Our recommendations should not be seen as a dismissal of guidelines concerning RI. Such documents are relevant as points of reference that researchers and staff can appeal to. However, as an “easy fix” to RI issues that do not require any structural reforms in how science is organized, they leave unaddressed current underlying obstacles for a healthy research environment. Uncertainties, both epistemic and social, are a permanent feature of scientific research. The manner in which research is currently organized, individualizing its social risks for the sake of efficiency and cost effectiveness for institutions, is not only a risk for RI but also stifles creativity, as highlighted by the following quote:

“I think also we miss an environment that in some way promotes the creativity, the rigour of the research, the tranparence of the research. I think we should (...) proactively look for or create and environment that improves the the quality of the research in general. Not just the productivity, but the quality of the research.” (researcher, natural sciences)

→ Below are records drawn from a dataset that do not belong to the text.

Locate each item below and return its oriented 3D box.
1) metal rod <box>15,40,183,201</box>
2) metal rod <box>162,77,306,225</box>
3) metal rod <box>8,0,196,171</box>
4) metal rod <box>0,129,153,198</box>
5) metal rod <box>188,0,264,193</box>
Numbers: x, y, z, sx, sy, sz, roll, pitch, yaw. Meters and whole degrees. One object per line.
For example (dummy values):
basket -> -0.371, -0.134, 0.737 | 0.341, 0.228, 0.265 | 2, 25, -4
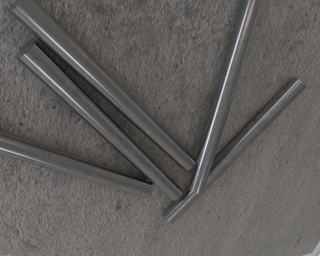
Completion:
metal rod -> -0.051, 0.014, 0.386 | 0.025, 0.025, 0.300 | -41, 130, 0
metal rod -> 0.115, 0.039, 0.493 | 0.300, 0.025, 0.025 | -47, 129, 5
metal rod -> -0.041, -0.029, 0.366 | 0.025, 0.025, 0.300 | -44, 129, 2
metal rod -> -0.125, 0.036, 0.360 | 0.301, 0.025, 0.025 | 27, 104, -37
metal rod -> 0.086, -0.041, 0.419 | 0.025, 0.025, 0.298 | 0, 116, -28
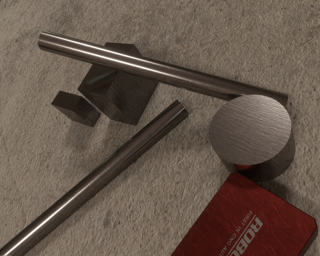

The majority of researchers are aware of what good research entails. As some quotes from the analysis show, they are not proud of gray area breaches but they accept them as strategies to survive in a specific system. Collectivizing the costs of uncertainty, building more inclusive publication cultures, applying responsible evaluation methods, providing more long-term resources for an open and transparent culture, and working to de-hierarchize institutions, need to go alongside the release of guidelines and other documents.